Lymphoma. Same patient as Figure 12. Multidetector CT images demonstrate a circumferential thickening of (a) the proximal jejunum with mucosal irregularity (arrow) and sparing of the outer wall layers ((b) arrow), bulky lymphadenopaties (asterisk) are identified along the mesenteric vessels.

Figure 15

Gastrointestinal stromal tumour (GIST). (a) Photograph of resected and opened exophytic mass originating from a jejunal loop (not shown) in a 79-year-old woman who presented with abdominal discomfort shows a well-defined inner core (asterisk) surrounded by a larger solid tissue with necrotic and haemorrhagic changes. (b) Low-power photomicrograph (magnification ×4; haematoxylin–eosin stain) of the inner core (asterisk) shows involvement of all submucosal layers without infiltration of the mucosal epithelium. (c) CD-117 antibodies stain confirms GIST diagnosis (asterisk).

Figure 16

Low-grade subserosal gastrointestinal stromal tumour (GIST). Same patient as Figure 15. (a) Multidetector CT images demonstrate a large lesion (arrow) with well-defined margins originating from the mesenteric side of one of the last ileal loops, perihepatic ascites is confirmed (black arrow). (b) Sagittal reconstruction clearly demonstrates the prevalent extraluminal extension of the lesion, also evidencing multiple necrotic foci inside the lesion (asterisk).

Figure 17

High-grade intraluminal gastrointestinal stromal tumour (GIST). 73-year-old female with previously resected GIST and recent onset of intestinal obstruction. (a) Coronal T₂ weighted half-fourier acquisition single shot turbo spin echo image demonstrate a concentric wall thickening at the site of the previous resection (arrow) with dilatation of the upper bowel loop (black arrow).

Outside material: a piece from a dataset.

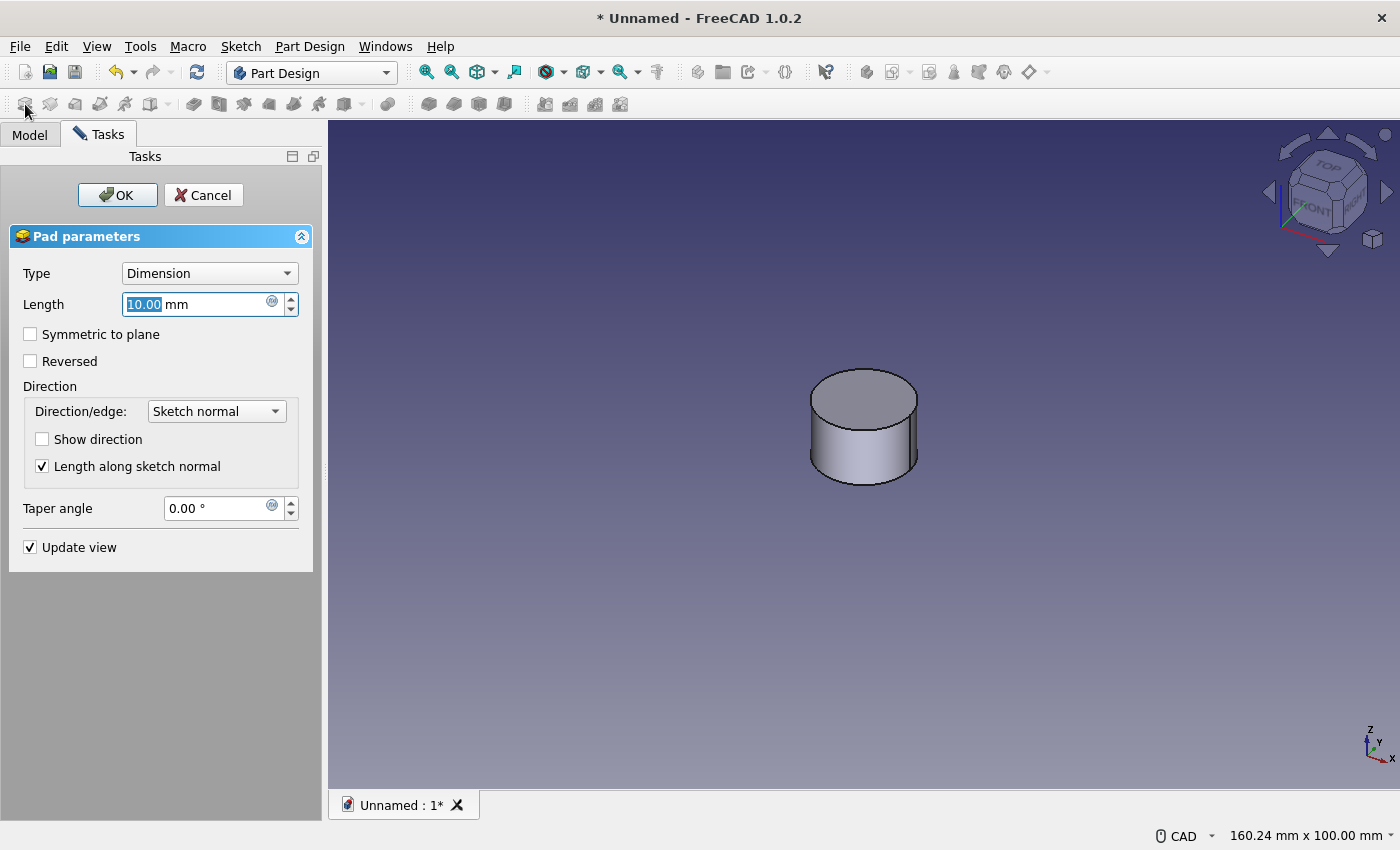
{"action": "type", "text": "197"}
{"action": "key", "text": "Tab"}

Multiple intestinal and peritoneal implants ((b) asterisk) are also identified. (c) Fat-saturated T₁ weighted spoiled gradient-echo image obtained after intravenous gadolinium administration show hypervascular liver lesions (arrowheads) and pelvic peritoneal implants ((d) asterisk).

Figure 18

Metastases. (a) Photograph of resected ileal loops and exophitic masses originating from the bowel wall in a 68-year-old woman with a previous diagnosis of cutaneous melanoma who presented with small bowel occlusion. (b) Low-power photomicrograph (magnification ×4; haematoxylin–eosin stain) shows neoplastic infiltration of the outer layers of bowel wall (asterisk) with intact mucosal epithelium (arrowhead). (c) High-power photomicrograph (magnification ×400; haematoxylin–eosin stain) demonstrate proliferation of round anaplastic cells involving the muscularis propria (arrows).

Figure 19

Metastases (melanoma). Same patient as Figure 18. (a) Multidetector CT images demonstrate a large lesion (arrow), with ill-defined lobulated margins, developing from inner wall layers of an ileal loop, while the lesion develops as a large mass with a necrotic core ((b, c) arrowheads) the bowel is not obstructed for the predominant extramural, vegetating aspect of the tumour.